As per coding guidelines, “When writing log messages, prefer placing common fields as attributes passed to tracing functions instead of using string interpolation.”

🤖 Prompt for AI Agents

Verify each finding against current code. Fix only still-valid issues, skip the rest with a brief reason, keep changes minimal, and validate. In `@crates/scout/src/deprovision/scrabbing.rs` around lines 331 - 346, The nvme secure-erase fallback in scrabbing.rs is swallowing every `cmdrun::run_prog` failure inside the `for ses in ["-s2", "-s1", "-s0"]` loop and only treating it as “unsupported mode,” which can hide real operational errors. Update the `fmt_ok`/`tracing::warn!` logic in this `nvme format` path to distinguish unsupported SES responses from permission, timeout, or device failures: only continue to the next SES when the error clearly indicates unsupported mode, and otherwise return the failure from the `nvme` formatting attempt. Use the existing `cmdrun::run_prog` call site and the `nvme` formatting block as the place to capture and propagate the actual error.

Source: Coding guidelines

yeah I'm not sure what to do if we aren't able to format nvme. Suggestions?

@ajf, yes — I’d recommend a simple policy split:

SES mode unsupported (-s2 not supported, etc.) → try the next mode.

All SES modes unsupported → warn! and continue, since the disk will be overwritten anyway.

Operational failure (I/O error, permission issue, timeout, controller/device problem) → return the error.

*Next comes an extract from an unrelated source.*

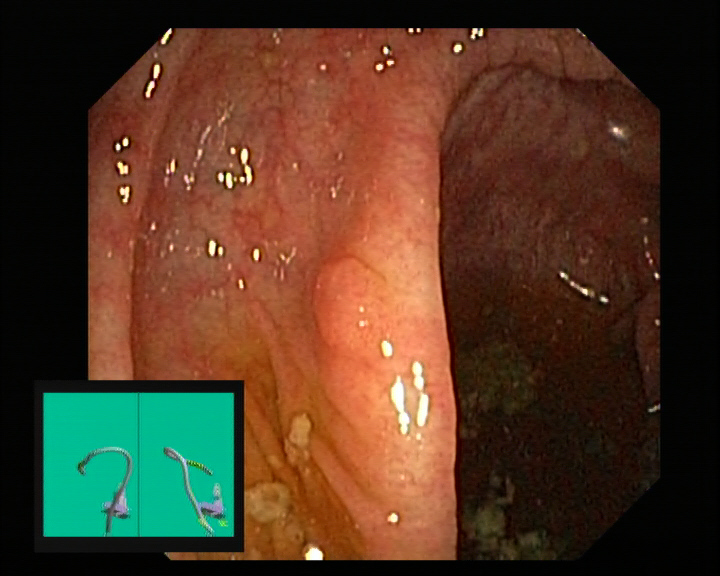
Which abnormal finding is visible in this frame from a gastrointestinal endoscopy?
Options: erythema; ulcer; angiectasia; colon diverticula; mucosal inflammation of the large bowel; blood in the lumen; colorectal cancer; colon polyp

That preserves the PR’s intent without masking real device failures.

A minimal shape would be:

fn is_unsupported_nvme_format_mode(error: &CarbideClientError) -> bool { let message = error.to_string(); message.contains("Invalid Command Opcode") || message.contains("Invalid Field in Command") || message.contains("unsupported") } let mut fmt_ok = false; let mut last_unsupported_error = None; for ses in ["-s2", "-s1", "-s0"] { match cmdrun::run_prog(NVME_CLI_PROG, ["format", nvmename, ses, "-f", "-n", nsid]).await { Ok(_) => { fmt_ok = true; break; } Err(e) if is_unsupported_nvme_format_mode(&e) => { tracing::debug!(%nvmename, %nsid, %ses, error=%e, "nvme format mode unsupported"); last_unsupported_error = Some(e.to_string()); } Err(e) => { tracing::error!(%nvmename, %nsid, %ses, error=%e, "nvme format failed"); return Err(e); } } } if !fmt_ok { tracing::warn!( %nvmename, %nsid, error = ?last_unsupported_error, "no supported nvme format mode; continuing" ); }

If you want the most conservative interpretation, this is the one I’d ship. It only downgrades failures that look like capability mismatch, which is exactly the case this PR is trying to fix. Anything else still surfaces as a real cleanup failure.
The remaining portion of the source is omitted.